We keep waiting for the next model. The next breakthrough. The next training run that makes everything better. And sure, models will keep improving. But the thing about the mosquito problem isn't that the model lacked intelligence. It's that the intelligence it had — the knowledge that older ponds have predators — was sitting right there, fully formed, and it still picked the wrong answer.

How much of what we call "model limitations" are actually exploration limitations? How much of what we're trying to solve with more compute and more data could be solved by letting the models we already have search better?

I think it's most of it. I think the intelligence is already in the room. I think models are extraordinary thought generators trapped in a single mode of thinking — the mode their training objective locked them into. And I think the thing that unlocks what they already know isn't more training. It's better search.

Not because search is a clever hack. Because search is how every intelligent system actually works. You don't solve a hard problem on the first try. You try things. You see what works. You throw out what doesn't. You iterate. The model can do all of this — generate, evaluate, discard, refine — because it's played every language game humans have played. It just needs someone to tell it which games to play, and in what order.

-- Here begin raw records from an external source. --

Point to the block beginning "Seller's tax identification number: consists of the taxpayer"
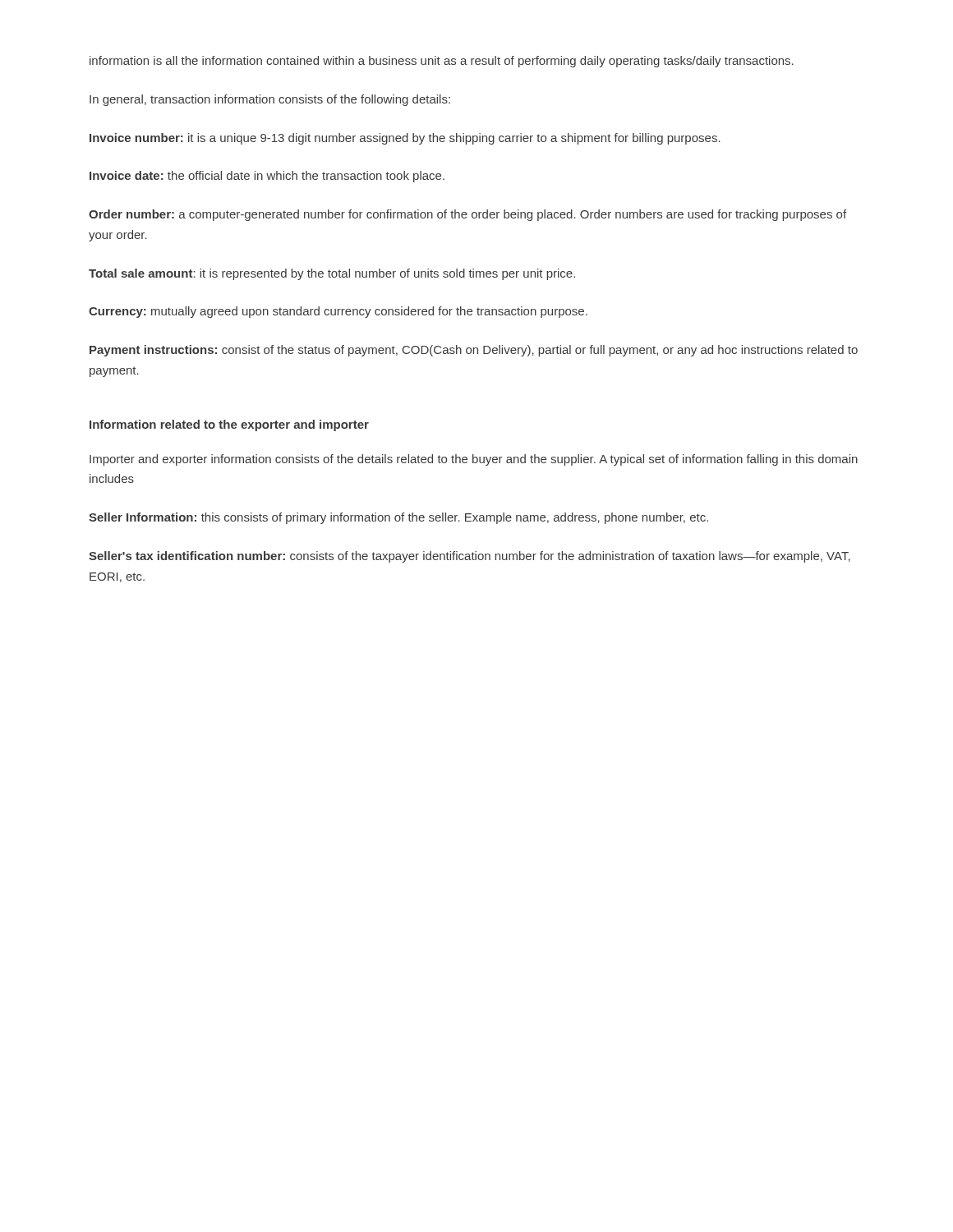 coord(470,566)
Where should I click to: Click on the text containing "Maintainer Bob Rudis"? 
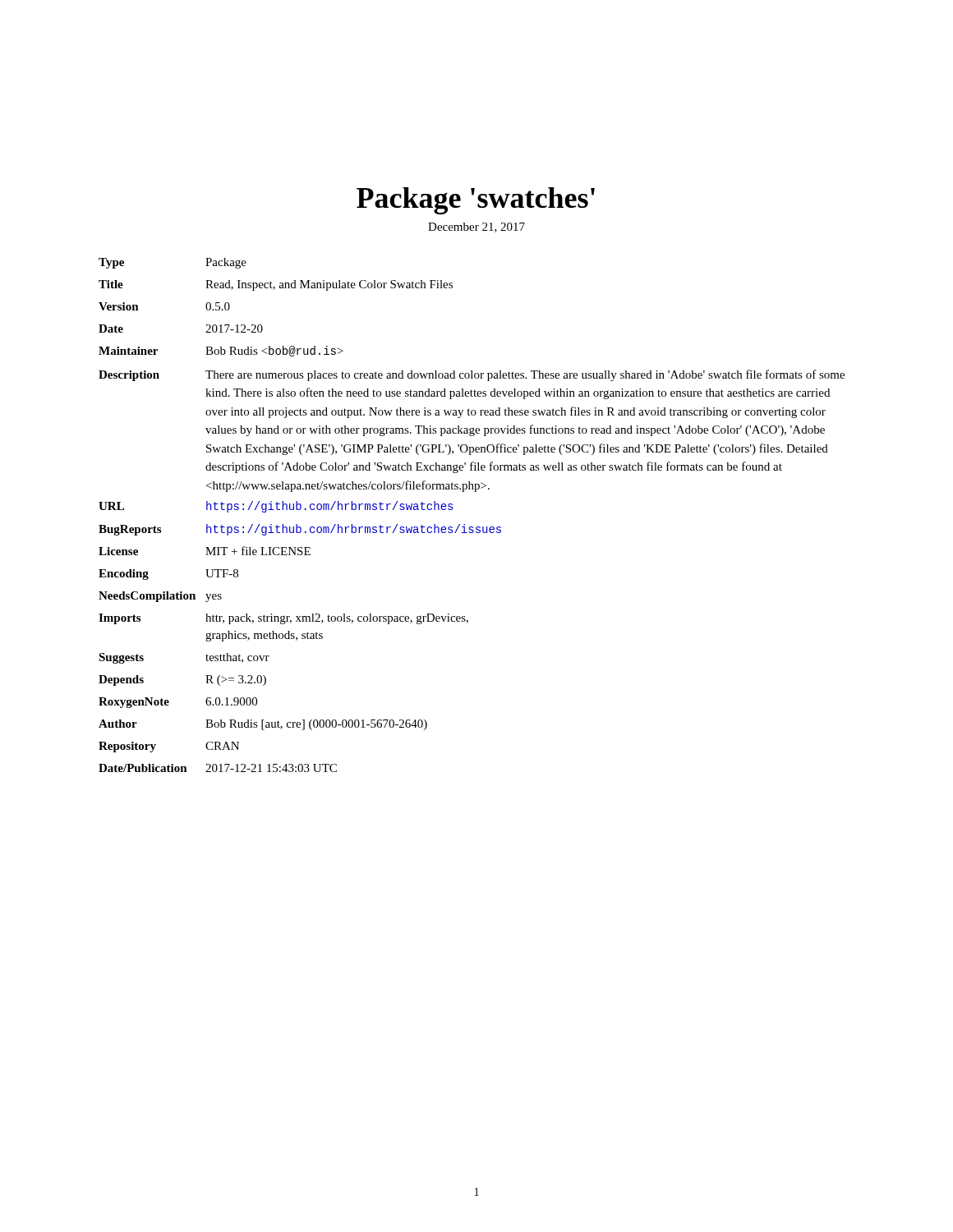pos(221,351)
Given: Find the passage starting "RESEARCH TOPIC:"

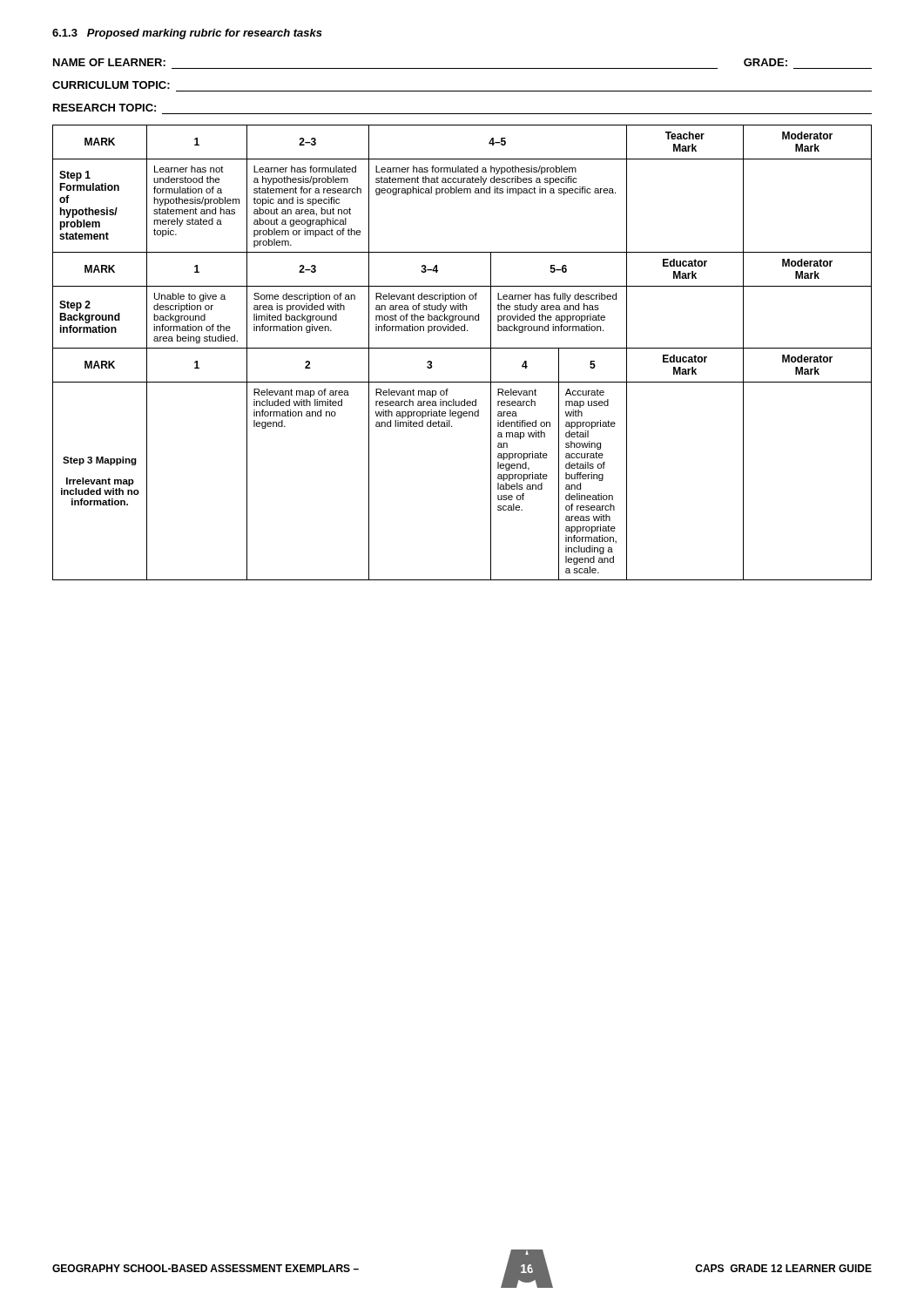Looking at the screenshot, I should tap(462, 107).

That's the insight. The model knows more than it can surface. The knowledge is in the language. The language is in the model. The model needs better directions. And better directions — search strategies that are written, shared, versioned, and called from anything — are what we're building.

Coda

There's a question on Humanity's Last Exam — a benchmark designed to test the limits of current AI. It goes like this:

You are monitoring emergence of a particular species of disease-vectoring mosquito near several man-made ponds. The ponds are two feet deep, 10 or 30 feet square, and have vertical sides and bottoms made of cement. Some were built one year ago, some five years ago. The older ponds have more established insect communities. You have one emergence trap. Which pond represents the greatest medical threat?

GPT-4.1 Mini picks the 30-foot, five-year-old pond. OpenAI's o3 — their flagship reasoning model — picks the same one. Both walk through the same reasoning: older ponds have more organic matter, larger ponds have more surface area, so the biggest, oldest pond must host the most mosquitoes. Both are confident. Both are wrong.

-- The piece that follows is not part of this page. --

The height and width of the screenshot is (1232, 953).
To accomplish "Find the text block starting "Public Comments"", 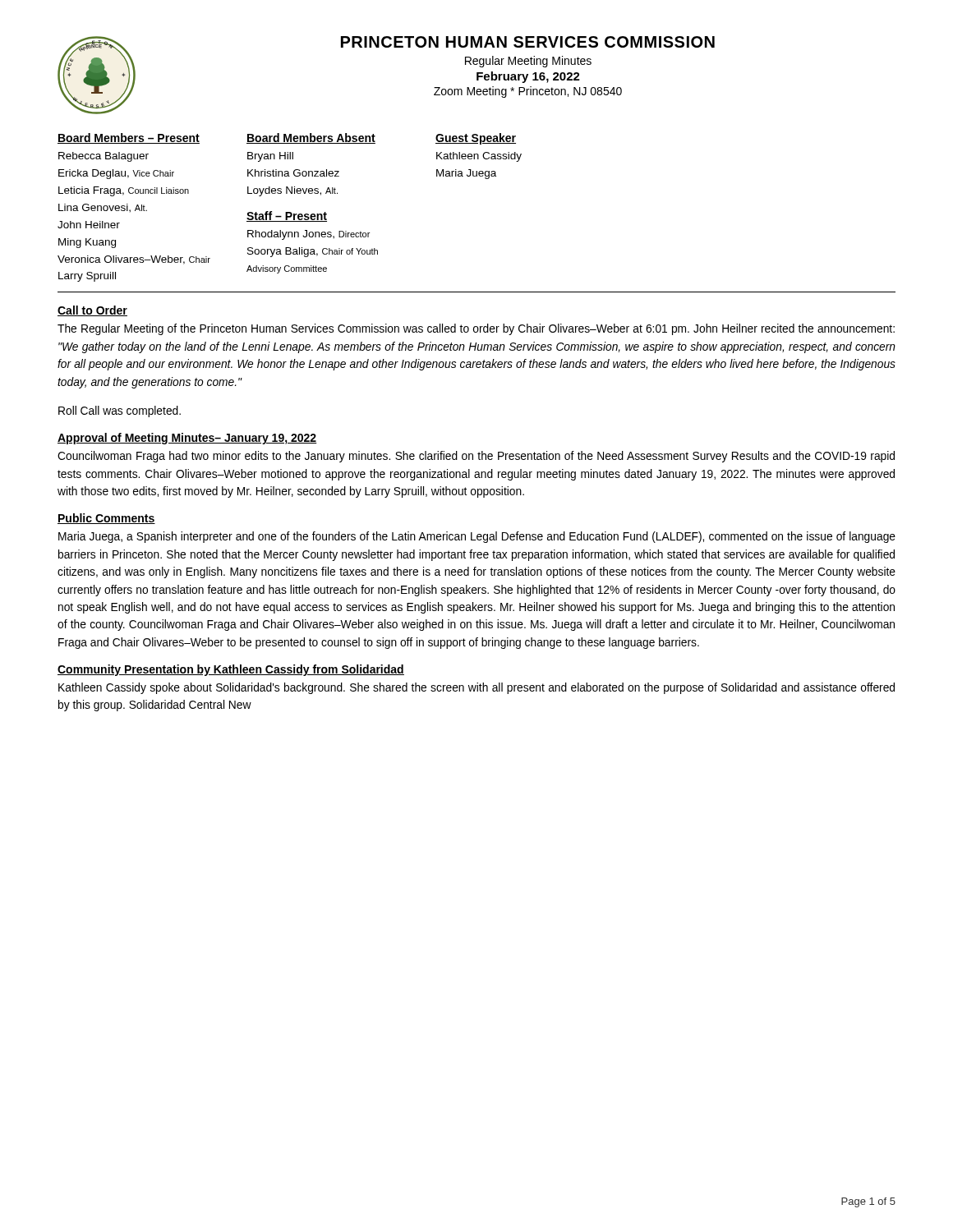I will point(106,519).
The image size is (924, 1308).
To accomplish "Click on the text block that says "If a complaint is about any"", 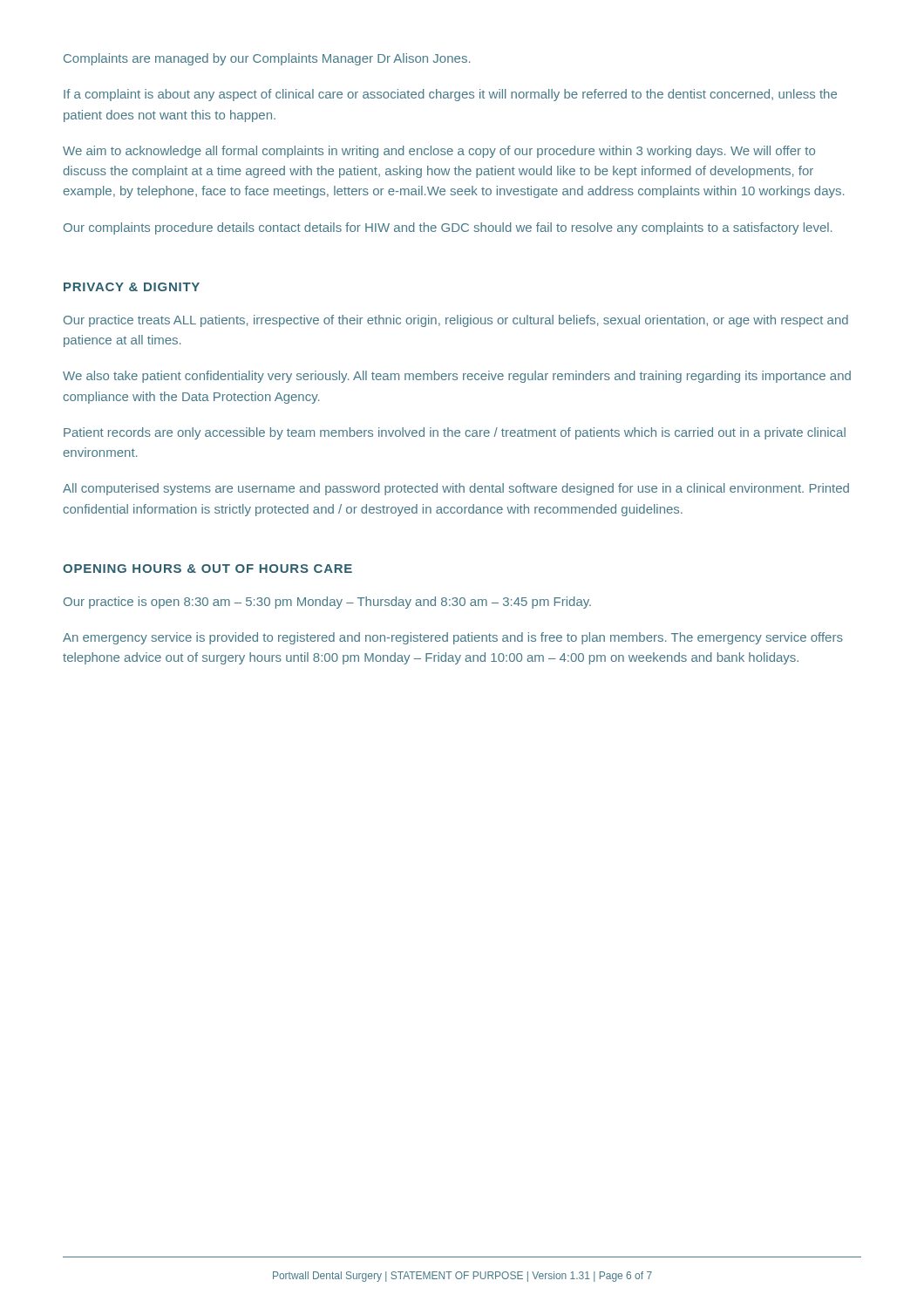I will [450, 104].

The answer is the 10-foot, one-year-old pond. Because older ponds also have more predators — dragonfly larvae, aquatic beetles, the whole predatory cascade that develops when an ecosystem matures. And those predators eat mosquito larvae. The youngest, smallest pond has the fewest predators and the least competition. That's where the mosquitoes flourish unchecked.

Here's what's wild. Both models know this. Ask either one — GPT-4.1 Mini, o3, any of them — "do older ponds have more predators?" and they say yes immediately. The knowledge is in there. It's encoded in the language they were trained on. Every ecology textbook, every field study, every lecture on trophic dynamics — it's all in the weights. But when they answered the original question, that knowledge never surfaced. Nothing in the prompt activated it. Nothing in their default generation process told them to check for it. They followed the most probable chain of reasoning straight past the correct answer.

Now here's the part that changed how I think about this. When we gave GPT-4.1 Mini — not o3, not a frontier model, just regular 4.1 Mini — an internal search strategy, it solved it. The same model that got it wrong in one pass got it right when it was given a structure to think within. Generate multiple candidates. Evaluate each one. Check for hidden assumptions. Revise. The model didn't get smarter. It got better directions. And those better directions were enough to surface knowledge that was sitting there the whole time.

The gap between probable and correct is where everything interesting lives.

The model doesn't need to know more. It needs to be asked better.